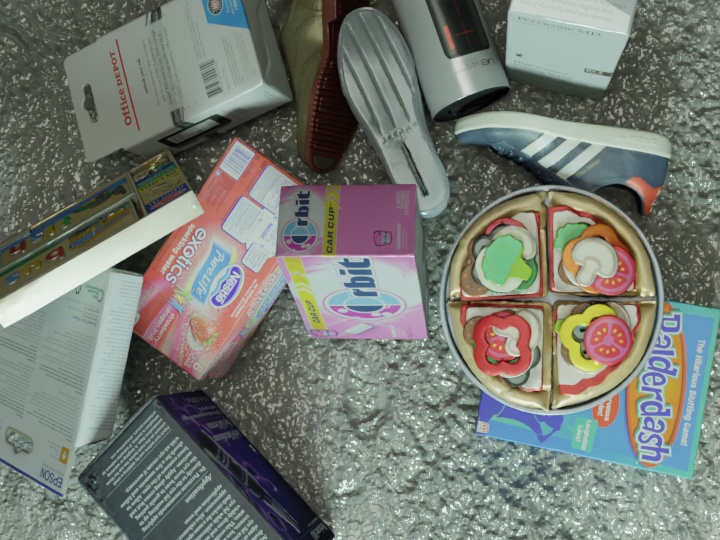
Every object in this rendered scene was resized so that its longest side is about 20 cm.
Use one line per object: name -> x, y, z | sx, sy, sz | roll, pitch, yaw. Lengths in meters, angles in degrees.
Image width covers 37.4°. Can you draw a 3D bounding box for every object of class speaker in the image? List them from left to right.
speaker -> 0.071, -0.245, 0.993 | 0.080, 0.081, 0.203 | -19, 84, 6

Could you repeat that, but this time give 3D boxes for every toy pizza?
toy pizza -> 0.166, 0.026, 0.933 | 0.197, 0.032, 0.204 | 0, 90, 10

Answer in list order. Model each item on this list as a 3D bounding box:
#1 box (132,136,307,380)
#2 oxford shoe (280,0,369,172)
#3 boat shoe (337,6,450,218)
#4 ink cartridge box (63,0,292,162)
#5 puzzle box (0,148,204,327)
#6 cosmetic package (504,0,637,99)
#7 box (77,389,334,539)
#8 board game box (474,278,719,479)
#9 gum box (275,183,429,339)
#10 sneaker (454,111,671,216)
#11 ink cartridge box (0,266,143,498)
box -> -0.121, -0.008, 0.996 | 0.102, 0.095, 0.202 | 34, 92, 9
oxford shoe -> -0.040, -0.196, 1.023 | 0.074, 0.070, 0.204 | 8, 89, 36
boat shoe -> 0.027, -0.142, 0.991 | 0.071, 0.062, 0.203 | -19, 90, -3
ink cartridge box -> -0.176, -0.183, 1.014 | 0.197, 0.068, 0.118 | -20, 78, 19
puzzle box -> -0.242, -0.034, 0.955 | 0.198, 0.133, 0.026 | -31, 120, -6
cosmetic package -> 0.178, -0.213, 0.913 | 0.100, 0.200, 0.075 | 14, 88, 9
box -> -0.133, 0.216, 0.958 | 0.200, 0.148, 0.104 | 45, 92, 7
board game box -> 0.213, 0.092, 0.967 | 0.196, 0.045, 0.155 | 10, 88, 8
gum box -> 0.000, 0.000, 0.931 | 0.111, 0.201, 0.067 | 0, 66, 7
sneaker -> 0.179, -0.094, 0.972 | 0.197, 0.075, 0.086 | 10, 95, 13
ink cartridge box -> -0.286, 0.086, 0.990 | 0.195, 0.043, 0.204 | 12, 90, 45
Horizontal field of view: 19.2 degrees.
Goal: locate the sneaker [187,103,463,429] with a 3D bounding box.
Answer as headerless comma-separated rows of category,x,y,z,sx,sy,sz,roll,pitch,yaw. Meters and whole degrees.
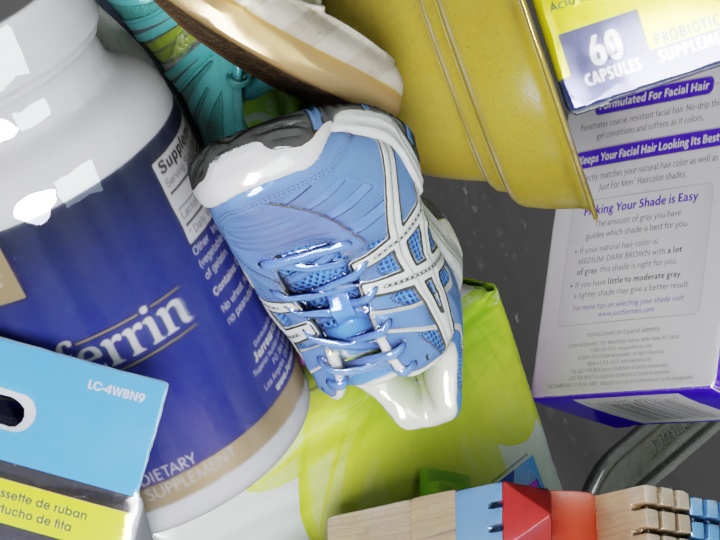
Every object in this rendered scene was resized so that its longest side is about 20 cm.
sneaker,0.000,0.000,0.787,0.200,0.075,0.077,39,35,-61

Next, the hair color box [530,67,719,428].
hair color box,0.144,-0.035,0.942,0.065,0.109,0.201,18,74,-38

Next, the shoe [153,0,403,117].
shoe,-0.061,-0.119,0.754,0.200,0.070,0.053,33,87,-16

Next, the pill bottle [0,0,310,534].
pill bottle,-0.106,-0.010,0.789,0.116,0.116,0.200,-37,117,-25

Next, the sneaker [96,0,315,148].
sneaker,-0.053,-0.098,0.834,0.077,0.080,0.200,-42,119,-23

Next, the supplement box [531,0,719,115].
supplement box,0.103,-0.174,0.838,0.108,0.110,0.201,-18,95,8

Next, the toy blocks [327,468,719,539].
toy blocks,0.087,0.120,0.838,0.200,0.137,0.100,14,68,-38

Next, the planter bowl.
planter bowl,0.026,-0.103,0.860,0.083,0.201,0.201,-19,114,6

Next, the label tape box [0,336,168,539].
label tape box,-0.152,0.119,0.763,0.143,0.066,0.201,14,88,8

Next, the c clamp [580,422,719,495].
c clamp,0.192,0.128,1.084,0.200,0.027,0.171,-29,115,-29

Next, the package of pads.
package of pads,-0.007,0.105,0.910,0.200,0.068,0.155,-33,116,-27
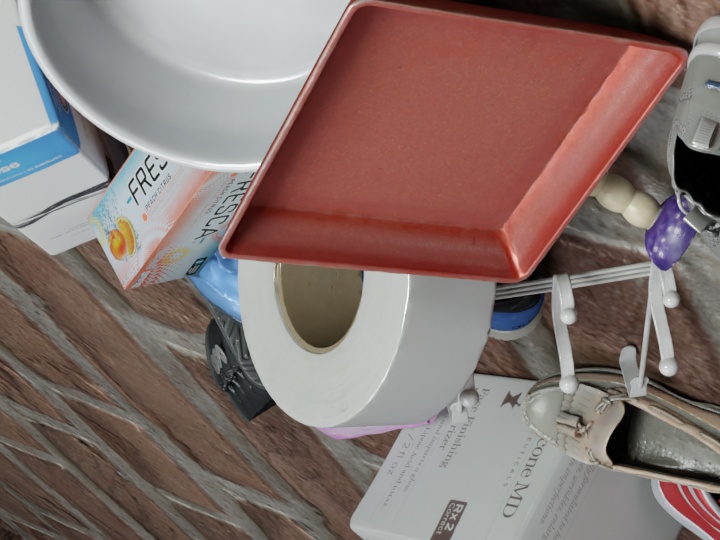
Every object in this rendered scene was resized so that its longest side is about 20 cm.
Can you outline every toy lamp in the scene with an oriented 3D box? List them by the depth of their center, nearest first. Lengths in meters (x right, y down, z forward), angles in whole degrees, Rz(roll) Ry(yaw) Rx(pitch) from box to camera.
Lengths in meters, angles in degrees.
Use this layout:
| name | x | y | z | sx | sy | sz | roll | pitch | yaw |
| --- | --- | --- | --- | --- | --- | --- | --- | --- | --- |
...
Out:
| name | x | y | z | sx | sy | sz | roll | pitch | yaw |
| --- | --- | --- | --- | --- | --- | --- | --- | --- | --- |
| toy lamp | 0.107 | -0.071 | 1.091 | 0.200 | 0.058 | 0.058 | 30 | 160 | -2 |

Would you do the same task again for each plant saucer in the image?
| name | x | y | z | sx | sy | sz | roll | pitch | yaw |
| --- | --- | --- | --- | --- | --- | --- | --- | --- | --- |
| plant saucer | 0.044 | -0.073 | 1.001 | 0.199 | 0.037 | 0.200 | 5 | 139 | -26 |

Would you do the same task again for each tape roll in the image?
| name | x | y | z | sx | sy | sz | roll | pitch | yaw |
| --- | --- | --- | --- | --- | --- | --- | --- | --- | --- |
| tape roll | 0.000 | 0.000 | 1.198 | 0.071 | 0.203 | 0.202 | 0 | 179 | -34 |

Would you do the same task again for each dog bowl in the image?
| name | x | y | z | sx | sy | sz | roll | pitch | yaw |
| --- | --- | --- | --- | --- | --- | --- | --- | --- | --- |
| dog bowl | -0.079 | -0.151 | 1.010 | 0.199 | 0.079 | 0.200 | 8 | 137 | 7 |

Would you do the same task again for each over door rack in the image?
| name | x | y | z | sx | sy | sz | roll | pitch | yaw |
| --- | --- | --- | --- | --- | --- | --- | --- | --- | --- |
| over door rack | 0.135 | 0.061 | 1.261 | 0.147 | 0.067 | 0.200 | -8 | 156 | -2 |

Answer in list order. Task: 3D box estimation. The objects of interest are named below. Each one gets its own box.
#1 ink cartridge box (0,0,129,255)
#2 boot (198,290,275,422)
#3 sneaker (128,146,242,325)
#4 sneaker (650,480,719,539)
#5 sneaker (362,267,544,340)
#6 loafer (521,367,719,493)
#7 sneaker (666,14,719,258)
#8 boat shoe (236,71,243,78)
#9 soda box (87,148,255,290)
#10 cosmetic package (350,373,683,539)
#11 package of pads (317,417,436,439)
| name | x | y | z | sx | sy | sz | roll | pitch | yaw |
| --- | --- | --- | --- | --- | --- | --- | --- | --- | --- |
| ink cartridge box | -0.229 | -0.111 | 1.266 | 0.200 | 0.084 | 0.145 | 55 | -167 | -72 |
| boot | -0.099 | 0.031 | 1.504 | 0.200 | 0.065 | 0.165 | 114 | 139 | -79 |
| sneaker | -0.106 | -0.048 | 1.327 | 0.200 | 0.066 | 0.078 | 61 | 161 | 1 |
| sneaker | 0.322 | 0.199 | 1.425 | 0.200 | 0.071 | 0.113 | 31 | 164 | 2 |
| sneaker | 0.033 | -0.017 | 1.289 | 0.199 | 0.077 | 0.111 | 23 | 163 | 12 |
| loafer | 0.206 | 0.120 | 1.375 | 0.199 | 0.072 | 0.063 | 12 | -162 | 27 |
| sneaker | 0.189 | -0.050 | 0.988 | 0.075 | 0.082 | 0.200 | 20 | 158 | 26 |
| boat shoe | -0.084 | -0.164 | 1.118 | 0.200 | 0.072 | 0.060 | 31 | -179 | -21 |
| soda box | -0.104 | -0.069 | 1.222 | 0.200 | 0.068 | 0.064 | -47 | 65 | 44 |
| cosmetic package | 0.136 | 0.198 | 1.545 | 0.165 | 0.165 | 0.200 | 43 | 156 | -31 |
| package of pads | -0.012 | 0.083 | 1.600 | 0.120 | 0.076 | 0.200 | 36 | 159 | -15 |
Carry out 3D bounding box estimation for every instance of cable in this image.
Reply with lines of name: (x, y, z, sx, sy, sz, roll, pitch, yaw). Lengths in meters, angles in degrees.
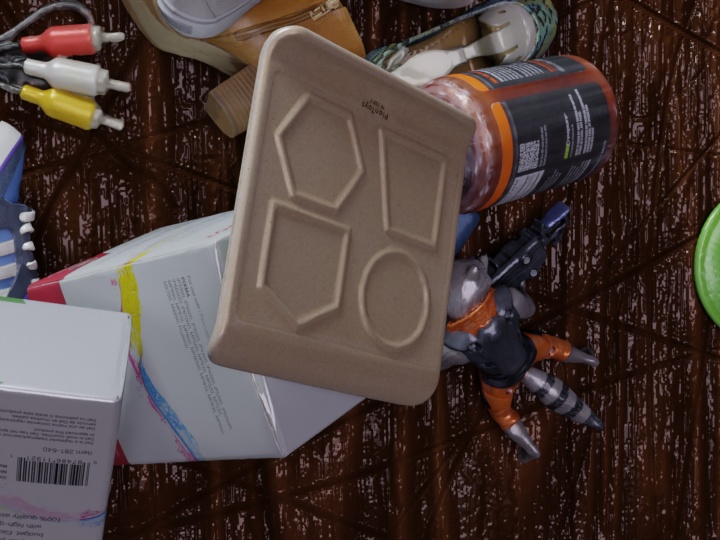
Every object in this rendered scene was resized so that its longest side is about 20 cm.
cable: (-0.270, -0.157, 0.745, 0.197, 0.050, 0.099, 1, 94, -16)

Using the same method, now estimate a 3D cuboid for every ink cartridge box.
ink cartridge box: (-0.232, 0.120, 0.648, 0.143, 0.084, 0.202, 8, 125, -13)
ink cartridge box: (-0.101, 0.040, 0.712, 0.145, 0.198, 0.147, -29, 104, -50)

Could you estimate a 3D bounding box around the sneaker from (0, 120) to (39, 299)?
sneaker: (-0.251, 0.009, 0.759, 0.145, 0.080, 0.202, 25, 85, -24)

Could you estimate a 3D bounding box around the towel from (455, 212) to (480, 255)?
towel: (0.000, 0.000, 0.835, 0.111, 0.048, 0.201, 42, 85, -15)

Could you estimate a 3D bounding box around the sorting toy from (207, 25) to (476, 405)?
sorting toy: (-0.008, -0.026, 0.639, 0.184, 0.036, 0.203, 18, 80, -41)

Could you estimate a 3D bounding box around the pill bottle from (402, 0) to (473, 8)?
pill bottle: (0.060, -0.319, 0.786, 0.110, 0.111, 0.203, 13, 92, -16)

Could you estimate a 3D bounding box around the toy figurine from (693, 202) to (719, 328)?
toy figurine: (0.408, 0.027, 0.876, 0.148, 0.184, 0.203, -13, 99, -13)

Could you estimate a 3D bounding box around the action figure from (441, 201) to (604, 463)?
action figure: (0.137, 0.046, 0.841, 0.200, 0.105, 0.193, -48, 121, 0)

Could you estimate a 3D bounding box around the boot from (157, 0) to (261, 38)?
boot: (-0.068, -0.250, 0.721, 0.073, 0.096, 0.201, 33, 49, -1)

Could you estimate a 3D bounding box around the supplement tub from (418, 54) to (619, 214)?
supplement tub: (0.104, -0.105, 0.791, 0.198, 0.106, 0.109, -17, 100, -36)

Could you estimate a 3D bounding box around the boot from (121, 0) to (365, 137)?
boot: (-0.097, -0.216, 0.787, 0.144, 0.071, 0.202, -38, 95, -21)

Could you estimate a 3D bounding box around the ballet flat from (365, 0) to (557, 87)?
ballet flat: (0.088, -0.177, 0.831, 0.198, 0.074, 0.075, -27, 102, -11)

* _WHAT THE TASK ASKS_: This exercise requires the lines of the entries containing the string "angles".

* _OUTPUT FOR THIS EXERCISE_:
Use one line per object: name -> x, y, z | sx, sy, sz | roll, pitch, yaw. Lengths in meters, angles in degrees.
Can you outline every toy lamp in the scene with an oriented 3D box? List them by the depth of their center, nearest first. Lengths in meters (x right, y down, z forward), angles in whole degrees, Rz(roll) Ry(yaw) Rx(pitch) from box to camera.
Lengths in meters, angles in degrees.
Reply with lines of name: (x, y, z, sx, sy, sz, roll, pitch, yaw). Lengths in meters, angles in degrees.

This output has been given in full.